Impact on Medicare Part B Payments
- MSSP participation is separate from MIPS, but it fulfills QPP requirements by placing providers under the APM track.
- Clinicians in MSSP ACOs may be eligible for MIPS APM scoring or, if the ACO qualifies as an Advanced APM, for a 5% Medicare incentive payment and MIPS exemption.
Why MSSP Matters in Billing and Reimbursement
- MSSP ties provider reimbursement directly to value-based care principles:
- Higher quality + lower costs = financial rewards
- Poor performance = potential repayment
This makes MSSP one of CMS’s most influential tools for reshaping Medicare reimbursement and driving the shift away from fee-for-service.
Frequently Asked Questions about MSSP
1. What is the Medicare Shared Savings Program (MSSP)?
MSSP is a value-based care program from CMS that allows groups of providers, called Accountable Care Organizations (ACOs), to share in savings when they deliver high-quality, cost-efficient care for Medicare patients.
2. How does MSSP work?
ACOs in MSSP are assigned a group of Medicare beneficiaries. They work to coordinate care, improve outcomes, and reduce unnecessary spending. At the end of each performance year, CMS compares their results against cost and quality benchmarks. Based on performance, ACOs may earn shared savings or, in higher-risk tracks, repay CMS for shared losses.
3. What are MSSP tracks?
MSSP offers two main participation tracks:
- Basic Track: Starts with one-sided risk (shared savings only) and gradually moves toward two-sided risk (shared savings and losses) over five years.

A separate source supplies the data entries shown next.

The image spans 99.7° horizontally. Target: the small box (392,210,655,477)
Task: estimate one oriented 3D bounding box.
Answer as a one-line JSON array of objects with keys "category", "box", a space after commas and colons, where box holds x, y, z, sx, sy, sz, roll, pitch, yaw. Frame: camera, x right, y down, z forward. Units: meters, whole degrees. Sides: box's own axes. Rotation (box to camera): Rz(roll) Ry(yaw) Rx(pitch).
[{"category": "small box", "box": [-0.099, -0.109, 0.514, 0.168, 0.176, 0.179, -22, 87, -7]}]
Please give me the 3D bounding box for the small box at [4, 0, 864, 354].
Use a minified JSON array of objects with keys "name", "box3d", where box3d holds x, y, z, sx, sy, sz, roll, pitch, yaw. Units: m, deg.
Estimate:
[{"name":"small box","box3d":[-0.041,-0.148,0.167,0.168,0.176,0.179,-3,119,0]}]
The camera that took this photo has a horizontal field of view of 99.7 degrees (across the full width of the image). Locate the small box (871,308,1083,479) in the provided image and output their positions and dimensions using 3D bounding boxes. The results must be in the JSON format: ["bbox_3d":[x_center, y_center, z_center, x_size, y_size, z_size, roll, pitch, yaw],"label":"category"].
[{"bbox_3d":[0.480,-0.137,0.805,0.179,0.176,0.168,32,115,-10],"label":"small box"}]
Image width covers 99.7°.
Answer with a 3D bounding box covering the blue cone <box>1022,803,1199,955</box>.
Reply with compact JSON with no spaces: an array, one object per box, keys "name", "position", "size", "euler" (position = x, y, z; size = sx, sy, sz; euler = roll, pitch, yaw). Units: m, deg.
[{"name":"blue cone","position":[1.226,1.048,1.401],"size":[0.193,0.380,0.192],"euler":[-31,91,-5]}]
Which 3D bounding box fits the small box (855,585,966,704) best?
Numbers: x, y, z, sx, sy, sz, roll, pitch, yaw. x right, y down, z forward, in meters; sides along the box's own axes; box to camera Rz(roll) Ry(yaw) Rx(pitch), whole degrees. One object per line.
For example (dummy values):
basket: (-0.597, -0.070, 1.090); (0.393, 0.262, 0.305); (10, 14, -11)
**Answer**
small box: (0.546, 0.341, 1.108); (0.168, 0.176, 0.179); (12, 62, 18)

- Enhanced Track: Offers higher risk and higher potential rewards, modeled after the Next Generation ACO program.
4. How do ACOs earn savings under MSSP?
To qualify for shared savings, an ACO must:
- Spend less than its benchmark for the year, and
- Meet required quality performance standards across domains such as patient experience, care coordination, preventive health, and chronic disease management.
5. What’s the difference between MSSP and Next Generation ACOs?
The Next Generation ACO model was a CMS demonstration project that tested higher-risk, higher-reward payment structures. Many of its features were incorporated into MSSP’s Enhanced Track when Next Gen ACOs were phased out. Today, MSSP remains the primary permanent ACO program under Medicare.
6. Who can participate in MSSP?
Eligible participants include groups of doctors, hospitals, and other healthcare providers that form an ACO. The ACO must meet CMS requirements for governance, legal structure, and the ability to manage assigned Medicare beneficiaries.